Reproduce only the lines that begin at the line with "Image resolution: width=924 pixels, height=1307 pixels. How" and run to the end of the entries; omit every picture.

Stored data
--*--
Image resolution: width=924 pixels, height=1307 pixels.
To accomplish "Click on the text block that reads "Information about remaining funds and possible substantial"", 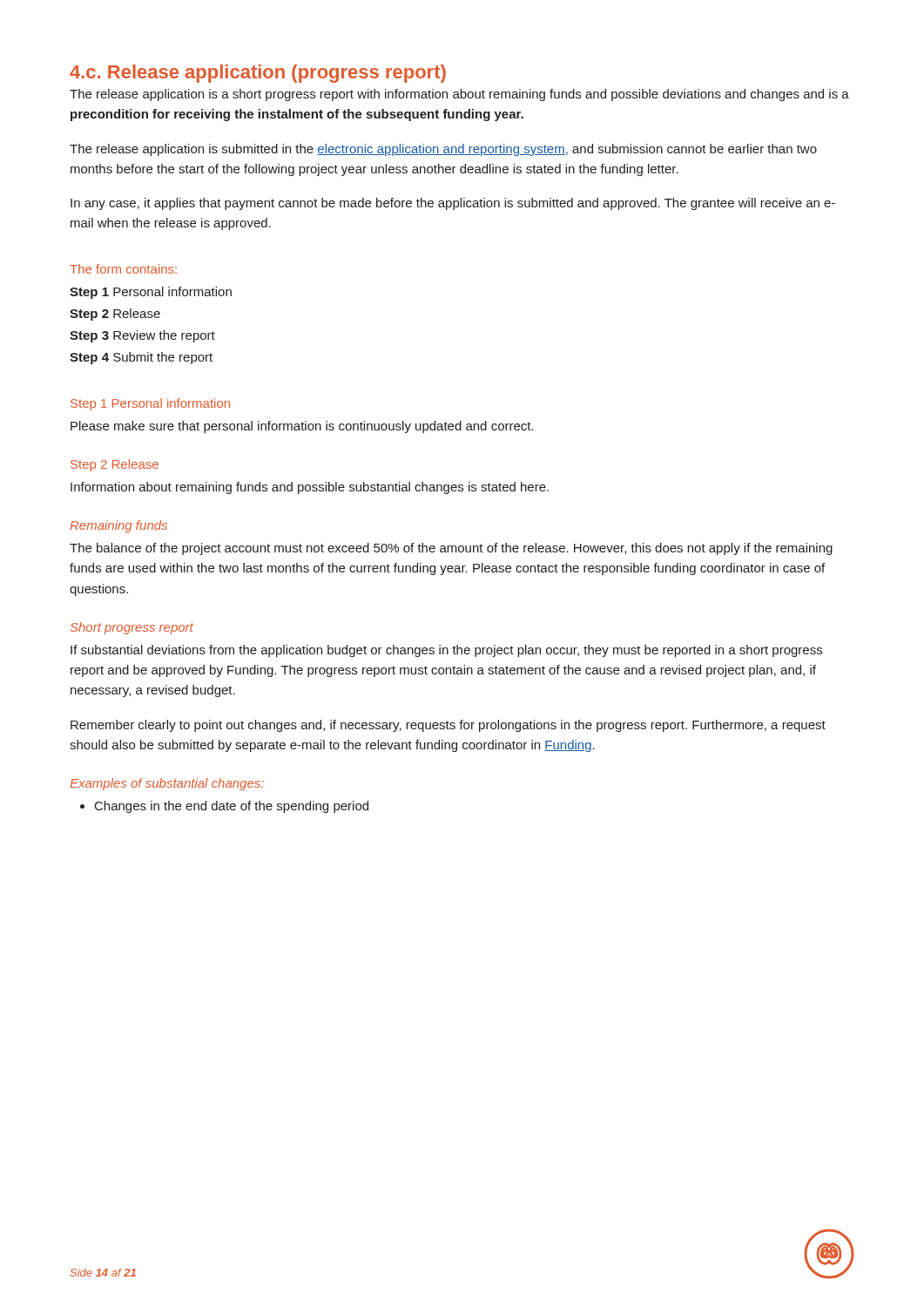I will [310, 486].
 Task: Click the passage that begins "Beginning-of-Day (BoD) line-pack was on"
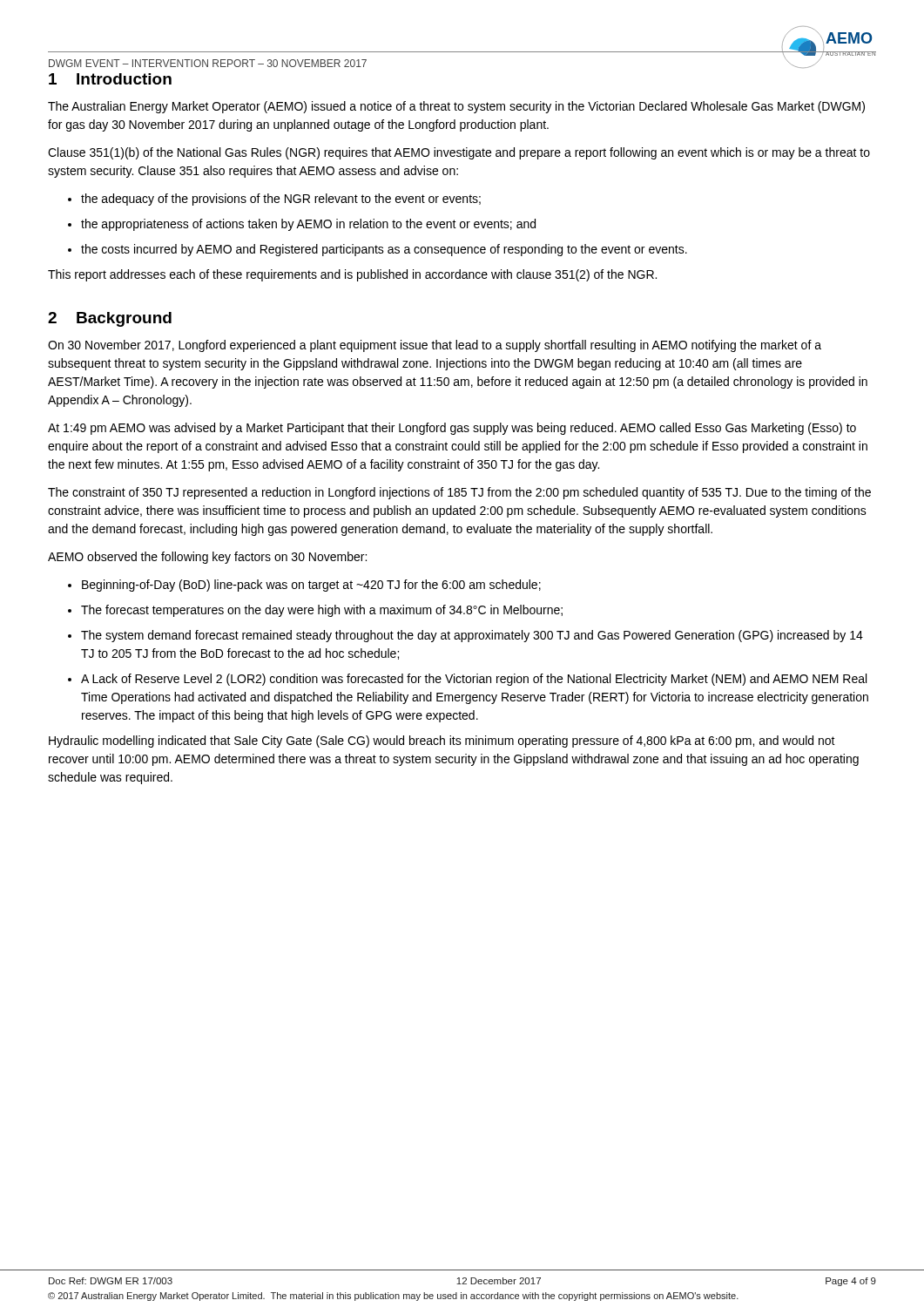tap(462, 585)
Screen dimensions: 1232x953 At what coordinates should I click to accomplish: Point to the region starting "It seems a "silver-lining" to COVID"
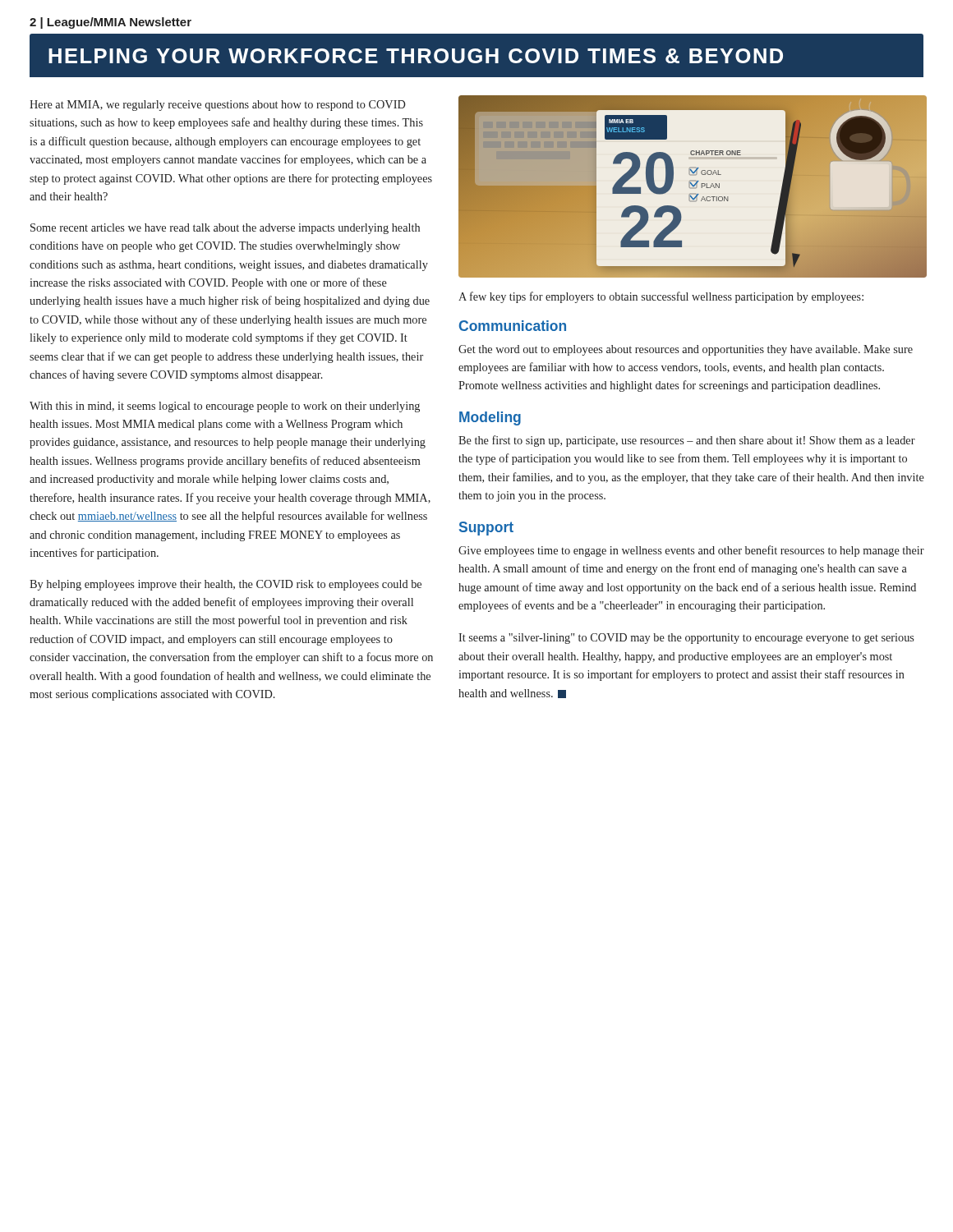(x=686, y=665)
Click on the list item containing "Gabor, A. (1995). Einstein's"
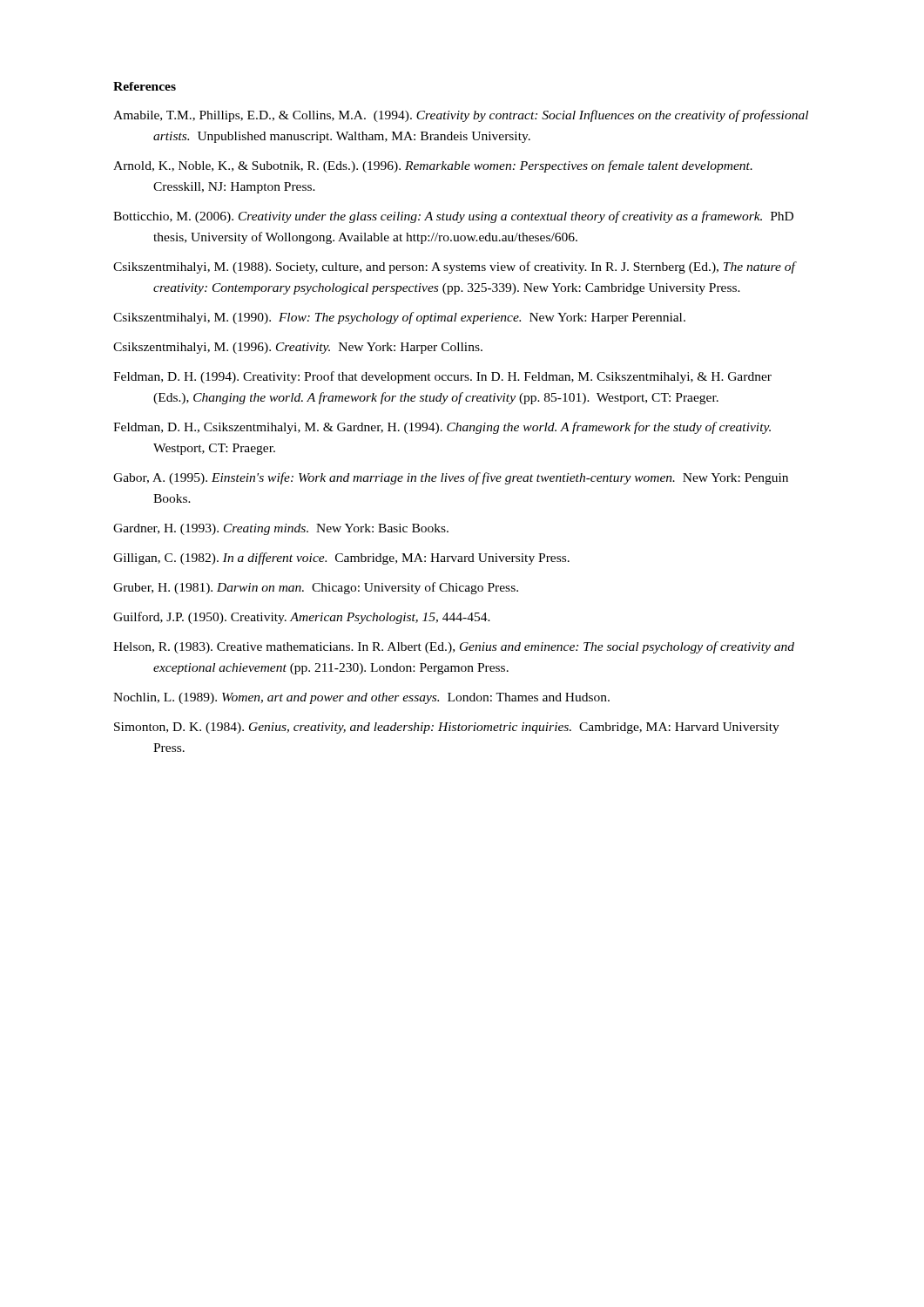924x1307 pixels. [x=451, y=488]
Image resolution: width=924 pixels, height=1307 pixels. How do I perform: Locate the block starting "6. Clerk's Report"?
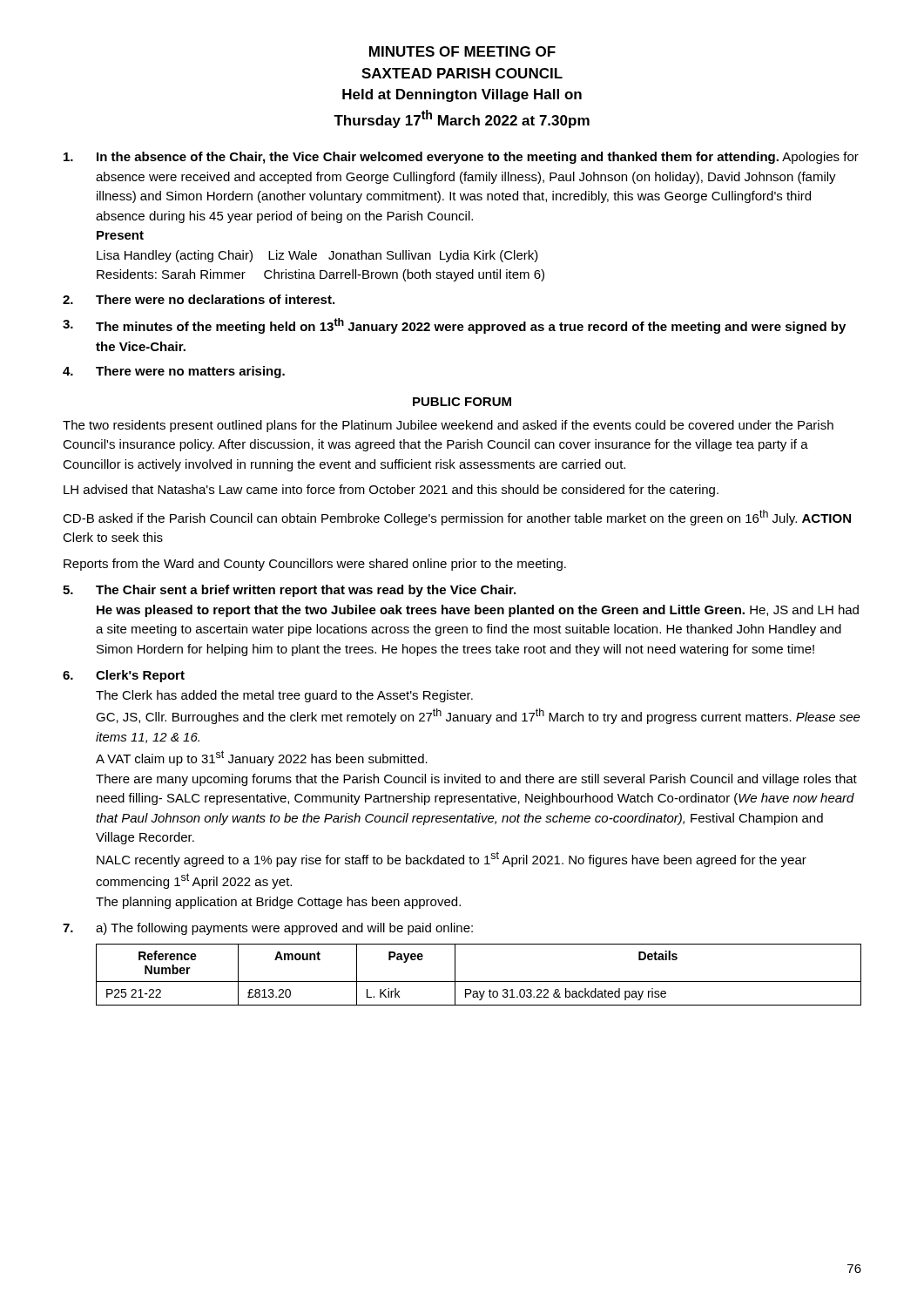462,789
--*--
▸ REPLY TO THE EXERCISE:
Image resolution: width=924 pixels, height=1307 pixels. How do I perform: Locate the block starting "6. Clerk's Report"?
462,789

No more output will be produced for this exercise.